# Your instructions
Set down exactly the lines below, starting at the one that contains "Where should I click to: Locate the block" and ending at the one that contains "Screen dimensions: 1308x924", with both of those lines included and nothing else.

# Given records
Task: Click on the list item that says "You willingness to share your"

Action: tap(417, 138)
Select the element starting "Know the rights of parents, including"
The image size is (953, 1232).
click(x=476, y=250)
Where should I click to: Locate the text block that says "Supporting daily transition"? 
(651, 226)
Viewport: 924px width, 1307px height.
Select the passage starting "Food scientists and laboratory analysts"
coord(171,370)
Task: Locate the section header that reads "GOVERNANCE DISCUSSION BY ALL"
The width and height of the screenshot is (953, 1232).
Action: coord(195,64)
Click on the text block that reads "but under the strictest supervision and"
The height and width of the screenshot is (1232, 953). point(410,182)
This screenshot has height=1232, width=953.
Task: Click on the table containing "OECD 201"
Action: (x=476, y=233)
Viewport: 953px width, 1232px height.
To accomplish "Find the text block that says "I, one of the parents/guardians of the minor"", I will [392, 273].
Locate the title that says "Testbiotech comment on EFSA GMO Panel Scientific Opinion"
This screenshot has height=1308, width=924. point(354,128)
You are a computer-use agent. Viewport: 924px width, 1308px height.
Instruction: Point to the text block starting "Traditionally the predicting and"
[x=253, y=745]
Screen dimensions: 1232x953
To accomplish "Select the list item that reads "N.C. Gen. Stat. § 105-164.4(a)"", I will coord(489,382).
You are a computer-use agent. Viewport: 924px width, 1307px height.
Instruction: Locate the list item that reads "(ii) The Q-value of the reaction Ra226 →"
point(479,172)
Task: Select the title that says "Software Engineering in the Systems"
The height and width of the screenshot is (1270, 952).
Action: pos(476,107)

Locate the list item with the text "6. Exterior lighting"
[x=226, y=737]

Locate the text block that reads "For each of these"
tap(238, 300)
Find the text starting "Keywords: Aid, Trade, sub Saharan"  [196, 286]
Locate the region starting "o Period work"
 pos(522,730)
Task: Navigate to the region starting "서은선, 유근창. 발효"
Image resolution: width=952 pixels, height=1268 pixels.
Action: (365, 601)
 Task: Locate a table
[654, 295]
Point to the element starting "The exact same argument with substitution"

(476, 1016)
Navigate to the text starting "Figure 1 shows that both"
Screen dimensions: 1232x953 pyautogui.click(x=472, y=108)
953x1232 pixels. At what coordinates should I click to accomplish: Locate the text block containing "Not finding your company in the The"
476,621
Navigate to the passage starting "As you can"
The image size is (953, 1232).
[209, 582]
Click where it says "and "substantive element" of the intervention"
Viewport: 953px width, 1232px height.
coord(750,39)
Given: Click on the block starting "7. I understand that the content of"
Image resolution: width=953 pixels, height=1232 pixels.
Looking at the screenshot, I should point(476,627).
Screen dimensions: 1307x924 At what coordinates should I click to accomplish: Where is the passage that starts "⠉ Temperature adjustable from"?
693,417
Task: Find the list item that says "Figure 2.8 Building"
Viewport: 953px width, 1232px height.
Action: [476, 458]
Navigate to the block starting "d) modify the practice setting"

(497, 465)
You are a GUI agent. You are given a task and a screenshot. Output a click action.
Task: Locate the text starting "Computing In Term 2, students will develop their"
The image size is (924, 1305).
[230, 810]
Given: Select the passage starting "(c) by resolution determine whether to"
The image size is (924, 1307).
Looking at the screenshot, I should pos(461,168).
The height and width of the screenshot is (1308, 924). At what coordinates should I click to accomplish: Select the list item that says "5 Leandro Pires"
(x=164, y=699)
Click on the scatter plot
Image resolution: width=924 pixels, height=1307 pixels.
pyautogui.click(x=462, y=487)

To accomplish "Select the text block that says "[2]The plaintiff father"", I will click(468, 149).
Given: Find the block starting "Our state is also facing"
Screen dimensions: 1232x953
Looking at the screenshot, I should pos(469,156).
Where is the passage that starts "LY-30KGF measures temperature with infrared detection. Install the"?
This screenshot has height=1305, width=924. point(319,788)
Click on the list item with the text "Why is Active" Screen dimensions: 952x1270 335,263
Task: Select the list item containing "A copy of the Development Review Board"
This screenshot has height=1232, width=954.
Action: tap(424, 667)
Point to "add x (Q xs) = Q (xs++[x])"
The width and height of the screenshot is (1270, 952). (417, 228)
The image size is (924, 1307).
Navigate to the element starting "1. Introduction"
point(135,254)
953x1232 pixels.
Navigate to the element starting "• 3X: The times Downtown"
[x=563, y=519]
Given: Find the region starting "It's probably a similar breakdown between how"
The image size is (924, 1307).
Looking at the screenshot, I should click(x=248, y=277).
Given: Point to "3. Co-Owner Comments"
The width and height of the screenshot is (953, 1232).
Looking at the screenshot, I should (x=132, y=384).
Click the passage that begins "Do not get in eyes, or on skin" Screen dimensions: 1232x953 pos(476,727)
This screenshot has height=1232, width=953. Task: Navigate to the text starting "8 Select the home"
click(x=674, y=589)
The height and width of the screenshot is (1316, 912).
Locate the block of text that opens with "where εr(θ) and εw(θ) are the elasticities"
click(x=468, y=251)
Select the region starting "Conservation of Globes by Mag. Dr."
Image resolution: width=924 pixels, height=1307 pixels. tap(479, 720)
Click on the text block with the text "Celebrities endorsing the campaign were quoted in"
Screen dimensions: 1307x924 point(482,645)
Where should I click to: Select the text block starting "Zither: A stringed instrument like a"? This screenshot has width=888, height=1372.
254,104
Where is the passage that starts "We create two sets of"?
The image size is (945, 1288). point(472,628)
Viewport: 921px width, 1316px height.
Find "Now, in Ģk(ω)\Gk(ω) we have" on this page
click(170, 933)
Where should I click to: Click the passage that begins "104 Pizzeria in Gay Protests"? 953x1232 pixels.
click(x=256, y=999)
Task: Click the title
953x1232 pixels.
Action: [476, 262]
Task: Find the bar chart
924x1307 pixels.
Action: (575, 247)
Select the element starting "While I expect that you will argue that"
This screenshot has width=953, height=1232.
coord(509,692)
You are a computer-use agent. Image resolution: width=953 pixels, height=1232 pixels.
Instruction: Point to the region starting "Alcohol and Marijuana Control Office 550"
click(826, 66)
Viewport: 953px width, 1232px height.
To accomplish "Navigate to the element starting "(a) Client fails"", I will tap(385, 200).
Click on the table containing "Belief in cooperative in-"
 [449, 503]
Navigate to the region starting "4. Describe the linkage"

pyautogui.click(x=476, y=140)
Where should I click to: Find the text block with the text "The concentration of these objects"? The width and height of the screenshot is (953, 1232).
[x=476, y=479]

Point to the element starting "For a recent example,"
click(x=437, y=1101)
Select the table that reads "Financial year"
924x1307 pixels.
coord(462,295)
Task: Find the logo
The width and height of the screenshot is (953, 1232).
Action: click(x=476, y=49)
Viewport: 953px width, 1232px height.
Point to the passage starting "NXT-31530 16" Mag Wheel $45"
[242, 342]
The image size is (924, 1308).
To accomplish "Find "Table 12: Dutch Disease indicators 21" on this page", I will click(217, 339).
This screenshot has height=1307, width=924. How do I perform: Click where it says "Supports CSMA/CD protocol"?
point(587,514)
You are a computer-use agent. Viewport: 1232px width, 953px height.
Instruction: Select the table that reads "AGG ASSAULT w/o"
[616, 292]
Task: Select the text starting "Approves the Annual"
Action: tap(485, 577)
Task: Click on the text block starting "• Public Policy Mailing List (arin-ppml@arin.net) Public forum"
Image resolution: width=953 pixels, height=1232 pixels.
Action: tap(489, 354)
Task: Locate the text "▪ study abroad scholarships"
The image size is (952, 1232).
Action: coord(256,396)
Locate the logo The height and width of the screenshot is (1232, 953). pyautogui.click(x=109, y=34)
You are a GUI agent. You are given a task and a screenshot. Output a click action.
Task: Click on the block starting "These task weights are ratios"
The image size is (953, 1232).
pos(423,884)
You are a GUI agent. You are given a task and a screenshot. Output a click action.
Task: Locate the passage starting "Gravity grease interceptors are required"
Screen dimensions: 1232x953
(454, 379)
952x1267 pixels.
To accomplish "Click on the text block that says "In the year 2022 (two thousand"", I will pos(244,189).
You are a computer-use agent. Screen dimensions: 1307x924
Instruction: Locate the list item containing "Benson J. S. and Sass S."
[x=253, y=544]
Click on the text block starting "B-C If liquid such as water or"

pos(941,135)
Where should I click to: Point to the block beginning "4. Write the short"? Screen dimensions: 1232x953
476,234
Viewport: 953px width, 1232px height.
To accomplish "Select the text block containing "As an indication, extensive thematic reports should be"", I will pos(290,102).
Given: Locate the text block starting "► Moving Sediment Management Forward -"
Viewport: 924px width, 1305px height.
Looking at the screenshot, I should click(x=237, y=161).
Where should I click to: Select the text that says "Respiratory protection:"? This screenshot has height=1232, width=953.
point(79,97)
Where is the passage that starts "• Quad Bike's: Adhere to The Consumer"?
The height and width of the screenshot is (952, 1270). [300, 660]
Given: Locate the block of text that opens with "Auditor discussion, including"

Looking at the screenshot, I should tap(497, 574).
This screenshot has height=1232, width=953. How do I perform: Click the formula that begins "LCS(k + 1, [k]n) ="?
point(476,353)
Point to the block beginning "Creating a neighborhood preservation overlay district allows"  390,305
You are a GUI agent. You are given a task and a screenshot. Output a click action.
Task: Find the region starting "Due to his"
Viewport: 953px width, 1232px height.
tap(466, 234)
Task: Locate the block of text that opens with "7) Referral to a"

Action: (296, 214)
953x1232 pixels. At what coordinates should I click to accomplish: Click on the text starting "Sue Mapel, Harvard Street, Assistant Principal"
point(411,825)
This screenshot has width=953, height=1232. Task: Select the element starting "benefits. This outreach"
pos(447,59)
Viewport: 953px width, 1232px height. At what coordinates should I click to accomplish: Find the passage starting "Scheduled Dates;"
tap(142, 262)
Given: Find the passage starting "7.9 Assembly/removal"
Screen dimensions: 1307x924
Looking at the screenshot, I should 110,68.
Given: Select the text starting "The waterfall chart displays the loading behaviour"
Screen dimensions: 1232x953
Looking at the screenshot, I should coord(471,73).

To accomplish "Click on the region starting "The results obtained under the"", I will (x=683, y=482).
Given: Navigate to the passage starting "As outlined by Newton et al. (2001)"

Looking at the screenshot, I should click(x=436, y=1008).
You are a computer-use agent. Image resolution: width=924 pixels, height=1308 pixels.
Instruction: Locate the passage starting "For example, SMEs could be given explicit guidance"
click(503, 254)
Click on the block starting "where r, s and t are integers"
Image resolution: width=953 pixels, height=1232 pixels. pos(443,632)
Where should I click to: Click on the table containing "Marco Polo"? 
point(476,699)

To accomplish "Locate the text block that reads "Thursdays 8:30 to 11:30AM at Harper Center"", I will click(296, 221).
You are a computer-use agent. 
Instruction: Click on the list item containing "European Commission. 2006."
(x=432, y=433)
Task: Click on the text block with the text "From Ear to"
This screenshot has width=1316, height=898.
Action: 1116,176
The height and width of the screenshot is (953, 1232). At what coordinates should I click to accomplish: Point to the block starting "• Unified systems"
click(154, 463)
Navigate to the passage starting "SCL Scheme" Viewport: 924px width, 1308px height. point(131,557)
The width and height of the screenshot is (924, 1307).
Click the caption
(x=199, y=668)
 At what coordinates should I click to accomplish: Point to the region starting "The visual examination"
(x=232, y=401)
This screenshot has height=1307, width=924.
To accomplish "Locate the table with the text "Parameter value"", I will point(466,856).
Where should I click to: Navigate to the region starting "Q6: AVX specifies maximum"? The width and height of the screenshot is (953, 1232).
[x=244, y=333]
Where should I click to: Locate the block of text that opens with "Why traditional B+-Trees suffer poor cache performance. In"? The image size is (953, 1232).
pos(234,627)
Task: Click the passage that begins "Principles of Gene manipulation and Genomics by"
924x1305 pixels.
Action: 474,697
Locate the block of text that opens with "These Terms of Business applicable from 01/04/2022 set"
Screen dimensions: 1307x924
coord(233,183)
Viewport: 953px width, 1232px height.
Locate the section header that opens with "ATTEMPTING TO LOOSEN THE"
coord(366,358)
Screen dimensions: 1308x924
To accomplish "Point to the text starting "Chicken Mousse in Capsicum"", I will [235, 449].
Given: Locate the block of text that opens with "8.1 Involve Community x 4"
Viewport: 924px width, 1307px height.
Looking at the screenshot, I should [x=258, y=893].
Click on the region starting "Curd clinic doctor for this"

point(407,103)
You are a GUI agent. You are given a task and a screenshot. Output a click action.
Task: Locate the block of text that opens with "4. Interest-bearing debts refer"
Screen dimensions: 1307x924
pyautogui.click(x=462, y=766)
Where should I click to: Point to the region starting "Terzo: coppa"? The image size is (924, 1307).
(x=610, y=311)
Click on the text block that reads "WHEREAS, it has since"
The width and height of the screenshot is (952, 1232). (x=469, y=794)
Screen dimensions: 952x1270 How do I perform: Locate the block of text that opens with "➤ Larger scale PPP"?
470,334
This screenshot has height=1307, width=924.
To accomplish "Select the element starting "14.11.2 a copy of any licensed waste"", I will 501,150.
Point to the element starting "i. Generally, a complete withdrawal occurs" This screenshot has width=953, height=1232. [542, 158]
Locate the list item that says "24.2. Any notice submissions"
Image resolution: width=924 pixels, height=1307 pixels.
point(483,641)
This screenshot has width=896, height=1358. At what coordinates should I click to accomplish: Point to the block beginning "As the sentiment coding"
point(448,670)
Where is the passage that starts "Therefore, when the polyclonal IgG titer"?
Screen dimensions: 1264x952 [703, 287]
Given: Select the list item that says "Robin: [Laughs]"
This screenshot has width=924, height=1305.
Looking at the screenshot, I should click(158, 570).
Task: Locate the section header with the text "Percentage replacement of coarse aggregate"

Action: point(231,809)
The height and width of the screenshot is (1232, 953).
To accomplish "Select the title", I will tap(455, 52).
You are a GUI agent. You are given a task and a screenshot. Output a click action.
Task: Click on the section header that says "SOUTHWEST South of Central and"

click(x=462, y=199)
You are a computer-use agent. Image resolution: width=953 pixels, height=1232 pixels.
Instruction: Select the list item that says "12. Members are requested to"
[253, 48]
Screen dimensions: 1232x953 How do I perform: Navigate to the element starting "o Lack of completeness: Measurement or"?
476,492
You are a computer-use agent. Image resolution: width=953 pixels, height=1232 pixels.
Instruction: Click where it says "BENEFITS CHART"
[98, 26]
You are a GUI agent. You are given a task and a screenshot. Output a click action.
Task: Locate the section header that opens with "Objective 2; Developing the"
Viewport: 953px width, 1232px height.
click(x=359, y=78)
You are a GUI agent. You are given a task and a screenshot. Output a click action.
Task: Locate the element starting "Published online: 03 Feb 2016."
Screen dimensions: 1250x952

# Reply to the task
Where should I click to: Locate the block of text that opens with "Why traditional B+-Trees suffer poor cache performance. In"? The image size is (953, 1232).
pos(234,627)
Task: Click the passage that begins "Principles of Gene manipulation and Genomics by"
924x1305 pixels.
Action: 474,697
Locate the block of text that opens with "These Terms of Business applicable from 01/04/2022 set"
Screen dimensions: 1307x924
coord(233,183)
Viewport: 953px width, 1232px height.
Locate the section header that opens with "ATTEMPTING TO LOOSEN THE"
coord(366,358)
Screen dimensions: 1308x924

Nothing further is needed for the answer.